Speaking of taxes, I understand tax revenues collected by the government have gone WAY up this year, primarily due to the tax cuts Bush made. Of course as soon as he is out of office the Dems will try to get rid of those tax cuts and revenues will go way down.
I went to a wedding this weekend. I've been to two really large, expensive weddings, and this was the second. There were at least 200 people, possibly closer to 250, and dinner was filet mignon and grouper (loved the filet, the fish was ok, and that's really saying something considering how I usually feel about fish). The participants were James Freedman-Aponte of Puerto Rico and now D.C., and Stephanie Killgore. Both are old friends from college.
I left work Friday in plenty of time to leave for Florida at our scheduled departure time of 1 pm. Unfortunately the car we were supposed to be taking was in the shop getting a new water pump. When we arrived at 4:00 pm to pick up the supposedly fixed car, Smiley, the owner/operator of the vehicle, noticed the hood was open While paying he asked about that. No one seemed to know, and we were about to drive off when someone remembered that they decided to replace the water cap on the radiator and had sent out an employee to go to NAPA Auto Parts for the cap. Damn good thing Smiley asked, or they would have let us drive off without that part, which really tells you NOT to go to this place for car repairs anymore. I also found it strange that when replacing a water pump, they obviously didn't bother to examine the cap until after they told Smiley the car was fixed. If I was fixing anything to do with the coolant system, I would check the cap at the start. The owner came out an apologized and gave Smiley a bunch of pointless concessions. Anything short of free labor on all the repairs would have left me disatisfied, but it wasn't my car. We asked if we could leave mine in the parking lot there so we wouldn't have to waste another hour driving back to the apartment and then south again, and they agreed. Then they woke me up with a phone call Saturday morning asking me why my car was parked in their lot. I'm not sure how they got my number, though I may have gotten an oil change there in the past, so perhaps that's it.

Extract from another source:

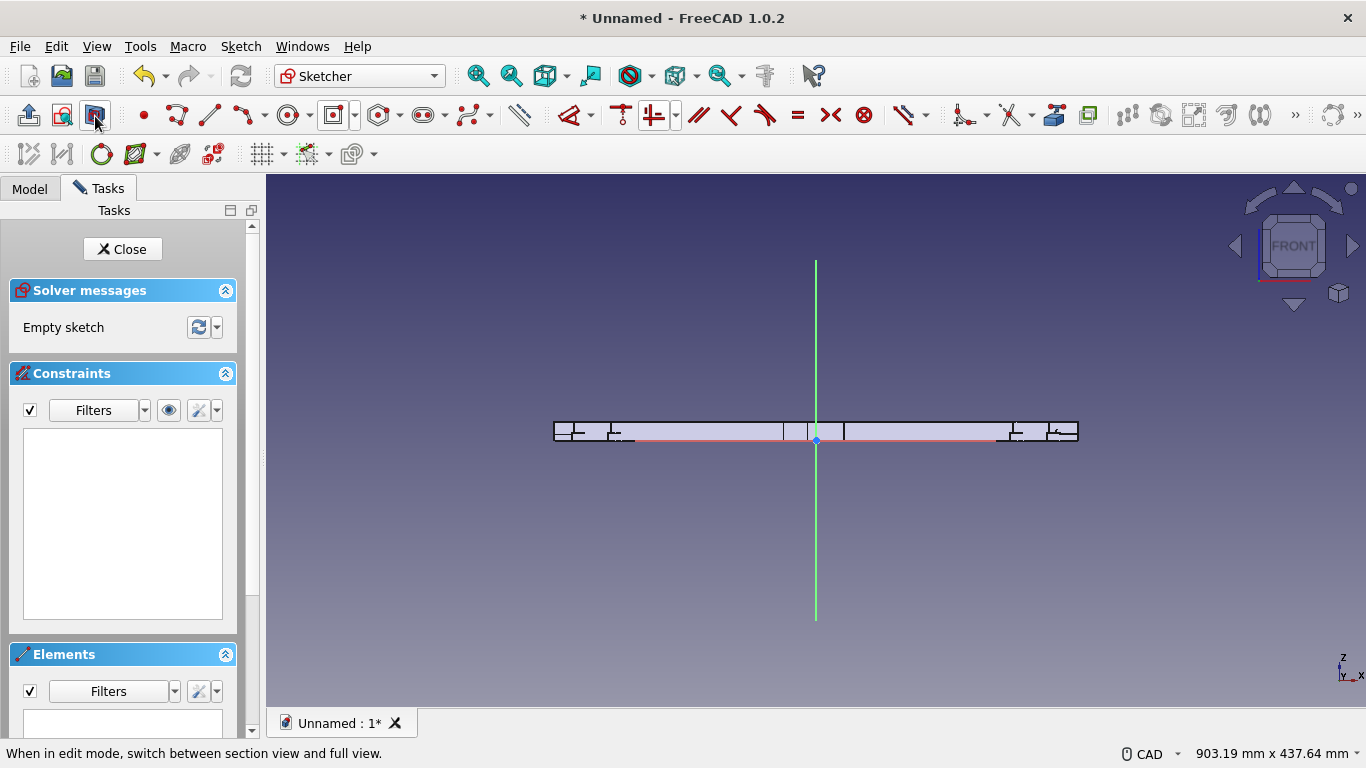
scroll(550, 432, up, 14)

After a couple of hours of watching Smiley drive 80 while I was anxious as hell to get to St. Petersburg, I made him pull over so I could drive. Then we flew. Can't believe I didn't get a ticket! Got in around midnight, threw our crap in the hotel room, and walked the four blocks to the bar where we were told our crowd was hanging out. That crowd consisted of a whole bunch of guys from my frat, and assorted girlfriends/wives. Mostly just guys, though. I had a few drinks, then they kicked us out around 2 when bars have to close there. I had just started a beer and the security guy said I had to leave that floor, but could finish the beer in the outside ground floor area as long as I did not leave the premises. He lied because the guard at the bottom of the stairs rudely grabbed the beer from me and threw it away. There was no arguing. All I wanted was 10 damn seconds to chug it down. Since it was really only 1:55, I should have had five more minutes anyway. Had I ever planned to be in St. Pete again, I may have taken my protest further, but instead I will just boycott the city. Anyway, we walked back the hotel and hung out in the parking lot for a while. One group of friends went to a strip club and then a casino, but I decided to stick around the hotel and get some sleep.
I got out of bed around noon on day 2. I'd already been awakened by the aforementioned phone call, the hosuekeeping staff, who kept coming back even after I signed a sheet saying that I had chosen not to have my room cleaned that day (and later found out that one of the guys I was sharing the room with signed the same form, so obviously they didn't pay any attention the first few times I told them to go away) as well as very loud drilling from the floor below, which was being renovated. Nice of the hotel to put us in such a quiet spot. I went downstairs and found some friends in the pool. Went back upstairs to get my bathing suit, and then swam for a bit. A few of us had lunch in the hotel restaurant, and then it was back to the pool. All of the sudden everyone I knew at the wedding showed up, along with some beer, and we had a fun afternoon. Then it was upstairs to shave, shower, and get dressed. It was black tie optional, so I wore a dark suit with a lavender french cuffed shirt with spread collar and a blue stripped tie. Got lots of compliments. The ceremony was great, mercifully short, and gave me my first look at the maid of honor, who I found to be rather attractive. Though a bit lacking in finger food, the period between the ceremony and the reception did offer excellent pepper jack cubes and along bar lines. I skipped the line by sneaking to the side and grabbing some beers.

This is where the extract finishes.